"Paleovirology” is the study of ancient extinct viruses (called “paleoviruses”) and the effects that these agents have had on the evolution of their hosts. I will focus on studies that have employed computational and genetic techniques to identify such ancient viruses, or their evolutionary imprints, in our genomes. I will also discuss how such studies reveal an undescribed landscape of ancient viral infections, and novel insights into how to combat pathogenic viruses today.
About the speaker
Harmit Malik got his BTech, Chemical Engineering, Indian Institute of Technology, Mumbai, India where he became interested in molecular biology due to Prof. K.K. Rao and in evolution by reading Richard Dawkins’ “The Selfish Gene”. He then moved to the US to get his PhD in Biology, at the University of Rochester, NY, under the mentorship of Prof. Thomas Eickbush. In 1999, he moved to Seattle to the Fred Hutchinson Cancer Research Center (the “Hutch"), to do his postdoc with Dr. Steve Henikoff. IN 2003, he started his own lab at the Hutch, where he has been ever since. In 2009, he was awarded an Early Career Scientist of the Howard Hughes Medical Institute and a Full Investigator in 2013.

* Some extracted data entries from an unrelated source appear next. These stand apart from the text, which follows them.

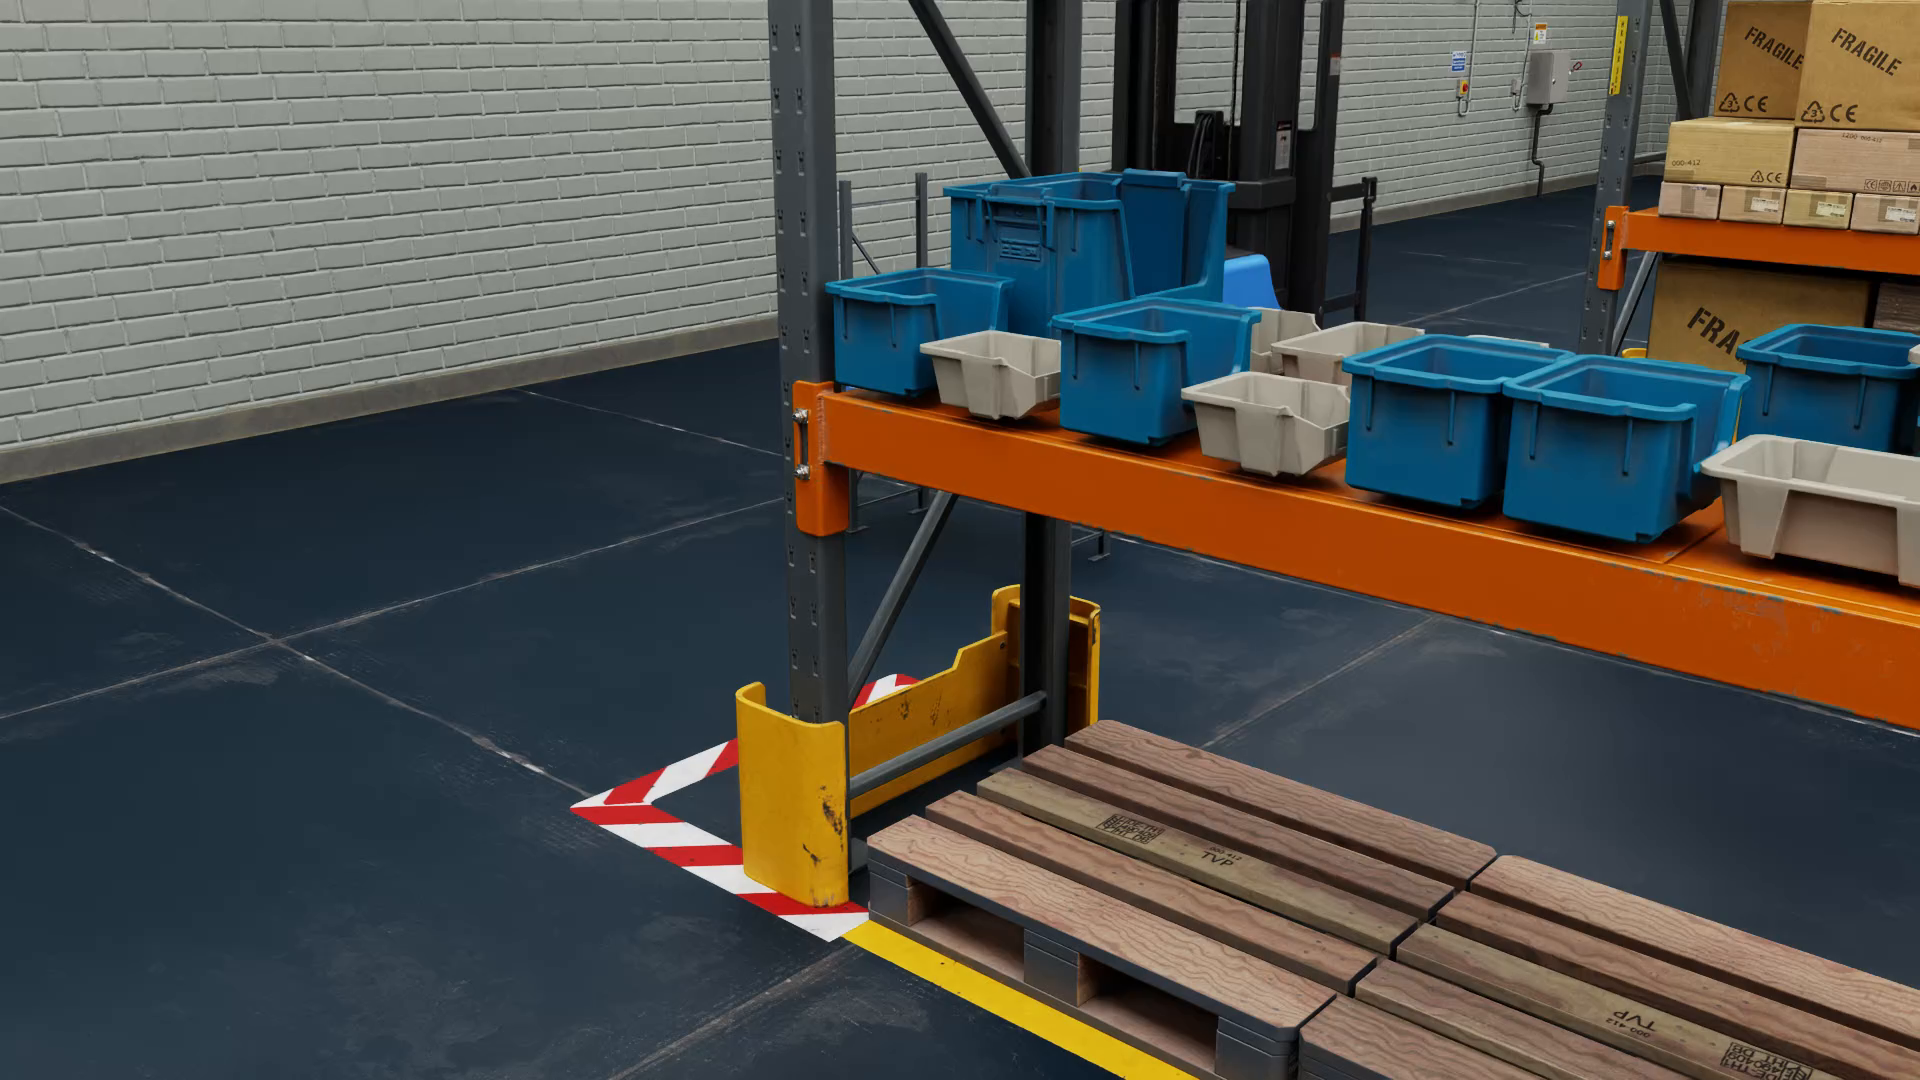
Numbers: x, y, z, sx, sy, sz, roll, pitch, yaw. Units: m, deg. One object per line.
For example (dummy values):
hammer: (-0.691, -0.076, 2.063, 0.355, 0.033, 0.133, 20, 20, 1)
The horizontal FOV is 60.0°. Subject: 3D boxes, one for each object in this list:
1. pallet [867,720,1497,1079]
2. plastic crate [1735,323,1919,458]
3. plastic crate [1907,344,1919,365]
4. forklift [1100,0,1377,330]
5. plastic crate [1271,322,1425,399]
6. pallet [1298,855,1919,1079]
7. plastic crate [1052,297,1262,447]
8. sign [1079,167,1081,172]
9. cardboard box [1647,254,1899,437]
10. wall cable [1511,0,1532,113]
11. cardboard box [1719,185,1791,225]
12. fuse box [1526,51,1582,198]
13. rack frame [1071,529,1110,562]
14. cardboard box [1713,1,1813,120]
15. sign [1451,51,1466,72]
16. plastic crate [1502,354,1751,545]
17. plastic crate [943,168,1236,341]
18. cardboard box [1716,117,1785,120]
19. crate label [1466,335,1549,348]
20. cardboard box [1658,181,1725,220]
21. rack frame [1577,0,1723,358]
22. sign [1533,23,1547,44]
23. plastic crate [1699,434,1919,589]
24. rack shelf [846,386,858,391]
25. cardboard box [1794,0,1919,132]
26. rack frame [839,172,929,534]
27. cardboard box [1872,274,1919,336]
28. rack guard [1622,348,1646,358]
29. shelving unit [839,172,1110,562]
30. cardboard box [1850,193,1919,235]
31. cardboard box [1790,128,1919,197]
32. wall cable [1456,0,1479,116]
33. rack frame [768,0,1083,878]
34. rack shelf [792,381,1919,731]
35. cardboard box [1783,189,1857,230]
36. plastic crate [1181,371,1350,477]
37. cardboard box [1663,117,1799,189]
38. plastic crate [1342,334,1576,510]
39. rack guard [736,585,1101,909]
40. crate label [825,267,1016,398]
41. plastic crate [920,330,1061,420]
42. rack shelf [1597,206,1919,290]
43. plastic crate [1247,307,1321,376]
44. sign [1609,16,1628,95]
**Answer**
pallet: (0.537, 0.846, 4.098, 1.213, 0.211, 1.003, 15, 23, 39)
plastic crate: (1.652, -0.252, 3.125, 0.300, 0.233, 0.416, 15, 23, 39)
plastic crate: (1.918, -0.175, 2.801, 0.530, 0.282, 0.437, 15, 23, 39)
forklift: (1.519, -1.968, 8.467, 1.130, 2.935, 3.031, 15, 23, 38)
plastic crate: (0.883, -0.376, 3.676, 0.243, 0.136, 0.396, 15, 23, 39)
pallet: (1.445, 1.091, 3.326, 1.213, 0.211, 1.003, 15, 23, 39)
plastic crate: (0.405, -0.350, 3.434, 0.300, 0.233, 0.416, 15, 23, 39)
sign: (0.299, -0.863, 4.603, 0.005, 0.325, 0.100, 15, 23, 39)
cardboard box: (3.765, -0.855, 7.666, 0.875, 0.875, 0.875, 15, 23, 39)
wall cable: (6.511, -5.955, 19.237, 0.122, 1.984, 0.588, 15, 23, 39)
cardboard box: (3.473, -1.461, 7.173, 0.250, 0.149, 0.380, 15, 23, 38)
fuse box: (7.082, -4.979, 19.972, 0.414, 1.711, 0.539, 15, 23, 39)
rack frame: (0.444, -0.596, 6.509, 0.032, 1.500, 0.500, 15, 23, 39)
cardboard box: (3.773, -2.168, 7.500, 0.500, 0.500, 0.500, 15, 23, 40)
sign: (5.501, -5.277, 18.335, 0.001, 0.218, 0.327, 15, 23, 39)
plastic crate: (1.121, -0.158, 2.828, 0.300, 0.233, 0.416, 15, 23, 39)
plastic crate: (0.320, -0.678, 4.132, 0.499, 0.435, 0.616, 15, 23, 39)
cardboard box: (3.772, -1.811, 7.616, 0.500, 0.250, 0.500, 15, 23, 38)
crate label: (1.108, -0.326, 3.517, 0.243, 0.136, 0.396, 15, 23, 39)
cardboard box: (3.280, -1.513, 7.334, 0.250, 0.149, 0.380, 15, 23, 40)
rack frame: (3.234, -1.778, 7.756, 0.127, 3.000, 1.000, 15, 23, 39)
sign: (6.891, -6.016, 19.744, 0.001, 0.242, 0.339, 15, 23, 39)
plastic crate: (1.436, -0.039, 2.613, 0.466, 0.136, 0.293, 15, 23, 39)
rack shelf: (0.064, -0.526, 6.885, 1.000, 0.185, 0.538, 15, 23, 39)
cardboard box: (3.787, -1.948, 6.808, 0.500, 0.500, 0.500, 14, 23, 38)
rack frame: (-0.316, -0.800, 7.152, 0.032, 1.500, 0.500, 15, 23, 39)
cardboard box: (4.446, -0.673, 7.090, 0.875, 0.875, 0.875, 15, 23, 39)
rack guard: (3.216, -0.592, 8.149, 0.348, 0.500, 1.175, 15, 23, 39)
shelving unit: (0.064, -0.698, 6.831, 1.048, 1.500, 0.538, 15, 23, 39)
cardboard box: (3.861, -1.358, 6.847, 0.250, 0.149, 0.380, 15, 23, 38)
cardboard box: (3.807, -1.588, 6.914, 0.500, 0.250, 0.500, 15, 23, 39)
wall cable: (5.579, -5.646, 18.213, 0.123, 1.953, 0.585, 15, 23, 39)
rack frame: (-0.054, -0.658, 4.225, 0.127, 3.000, 1.000, 15, 23, 39)
rack shelf: (1.442, 0.087, 3.069, 4.000, 0.370, 1.077, 15, 23, 39)
cardboard box: (3.665, -1.410, 7.011, 0.250, 0.149, 0.380, 14, 23, 38)
plastic crate: (0.605, -0.217, 3.174, 0.298, 0.136, 0.250, 15, 23, 39)
cardboard box: (3.413, -1.691, 7.238, 0.500, 0.250, 0.500, 14, 23, 38)
plastic crate: (0.897, -0.218, 3.018, 0.300, 0.233, 0.416, 15, 23, 39)
rack guard: (-0.081, 0.532, 4.609, 0.348, 0.500, 1.175, 15, 23, 39)
crate label: (-0.088, -0.482, 3.851, 0.303, 0.233, 0.416, 15, 23, 39)
plastic crate: (0.097, -0.353, 3.603, 0.298, 0.136, 0.250, 15, 23, 39)
rack shelf: (4.730, -1.034, 6.600, 4.000, 0.370, 1.077, 15, 23, 39)
plastic crate: (0.676, -0.438, 3.869, 0.243, 0.136, 0.396, 15, 23, 39)
sign: (2.861, -2.104, 7.221, 0.005, 0.325, 0.100, 15, 23, 39)

Harmit Malik studies the causes and consequences of genetic conflicts that take place between different genomes (e.g., host-virus interactions, mitochondrial conflicts with nuclear genomes) or between components of the same genome (e.g., chromosomal competition at centromeric regions). He is interested in understanding these "molecular arms races" and how they drive recurrent genetic innovation, from the perspective of both evolutionary biology and human disease. Malik and his colleagues have used an evolutionary lens to dissect and discover both primate antiviral as well as viral adaptation strategies. By taking advantage of viral ‘fossils’ in animal genomes and intense episodes of ancient host gene adaptation, his work has helped found the field of Paleovirology. His lab has been able to describe functional outcomes of ancient host-virus arms races by resurrecting both host and viral proteins from the evolutionary record. A significant area of research in the Malik lab is the study of rapid evolution in genes involved in essential cellular processes such as chromosome segregation and mitochondrial biology. He has proposed that unusual genetic conflicts during meiosis drive the unexpectedly rapid evolution of centromeric DNA and proteins, which in turn may provide a basis of postzygotic reproductive isolation between recently diverged species.